Simone Riva focused his activity on the development of high-perforance-computing techniques, needed to model with unprecedented accuracy the intensity and polarization of particular lines of the solar spectrum, which encode precious information on important phenomena taking place in the chromosphere, i.e. the layer above the solar surface visible to the human eye, and on the boundary between the chromosphere and the outermost region, the corona. The modeling of these lines requires considerable computing power and had so far been performed by applying some simplifying approximations. After initial tests, the algorithms developed by Dr Riva proved to be perfectly suitable to perform applications in state-of-the-art three-dimensional models of the solar atmosphere, and revealed artefacts and inaccuracies produced by the previous simplifications.

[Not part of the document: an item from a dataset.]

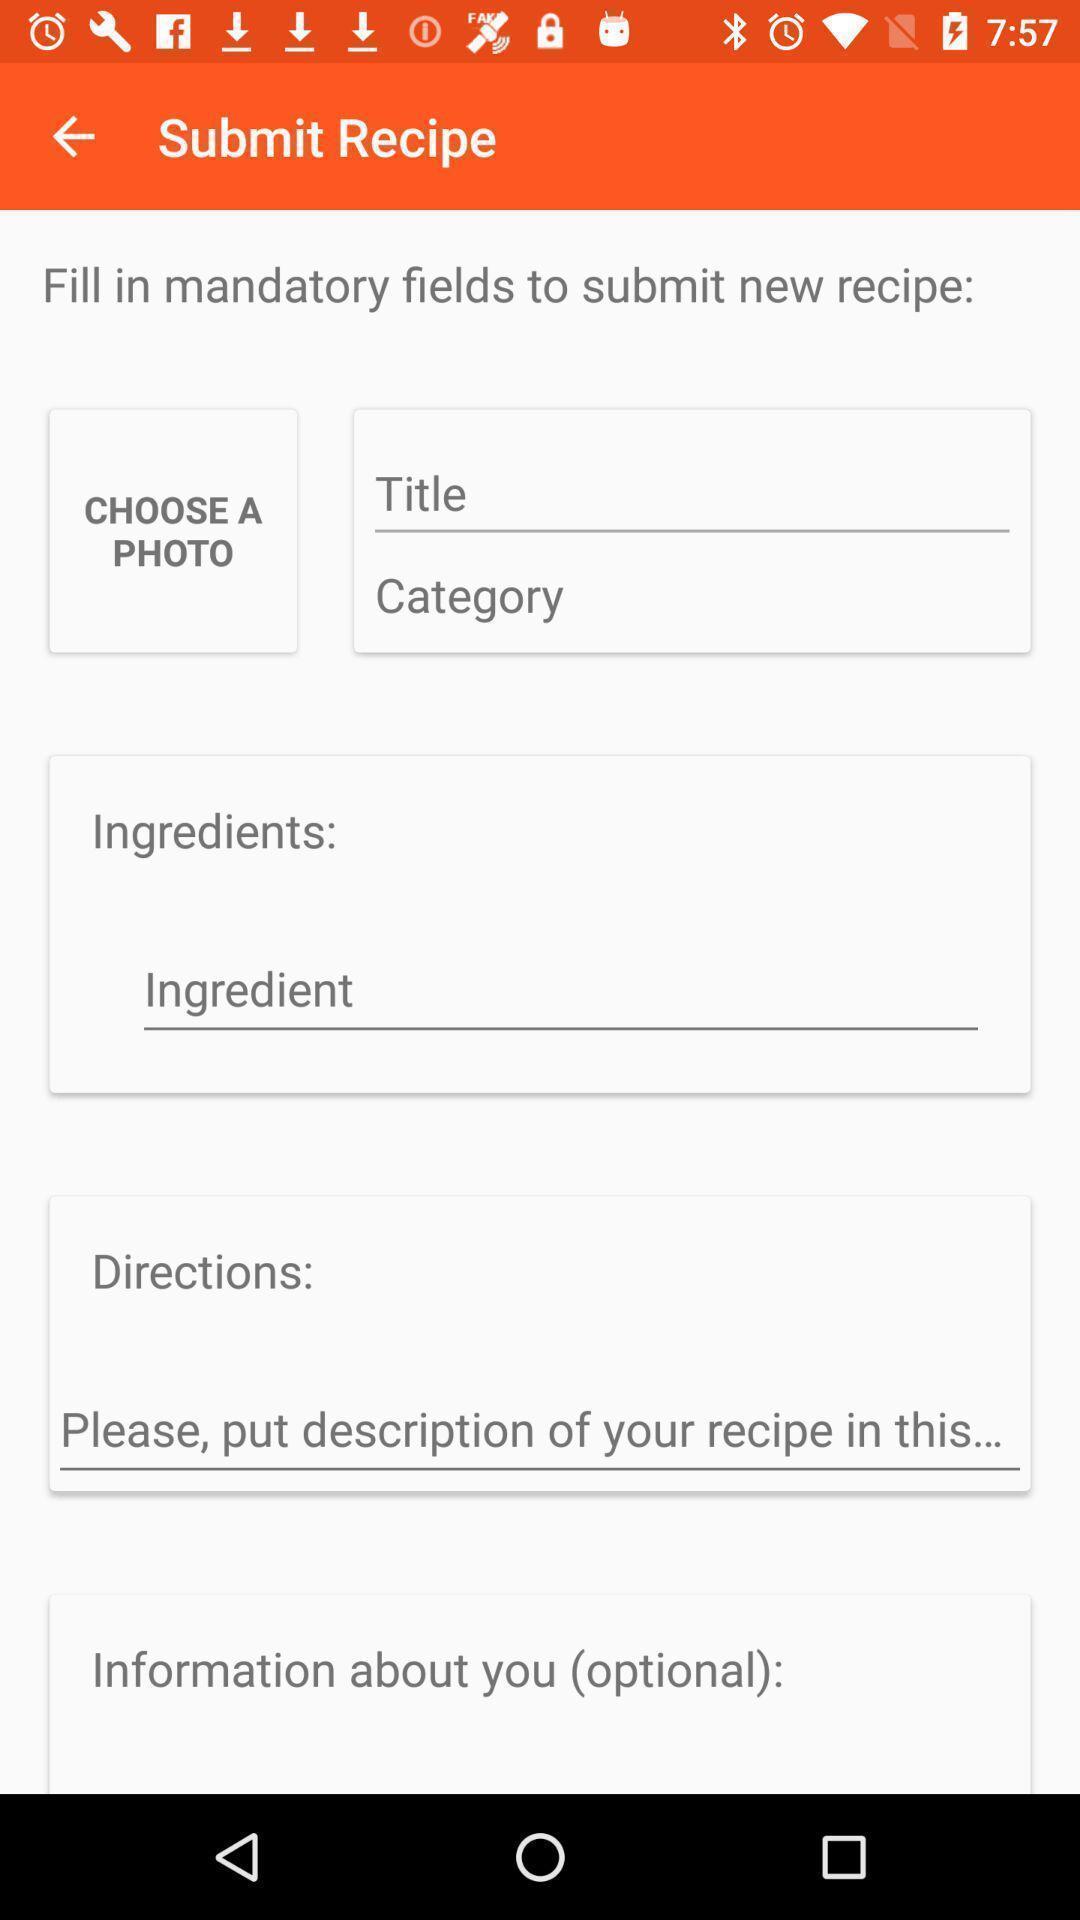Provide a detailed account of this screenshot. Screen displaying to submit recipe.

The computational tools developed in this thesis open up unprecedented possibilities to access the wealth of information encoded in the new spectro-polarimetric observations of the solar chromosphere, carried out both from ground and from space.

“We at IRSOL are very thankful to USI for this opportunity to advise students in their research projects and open for them opportunities to space and solar research using advanced computational methods and facilities available at USI”, commented Prof. Svetlana Berdyugina, director of IRSOL, adjunct professor at the USI Faculty of Informatics and a chair of the examination committee.

From left to right, Prof. Krause, Dr. Belluzzi and Dr. Riva (photo Dr. Franziska Zeuner).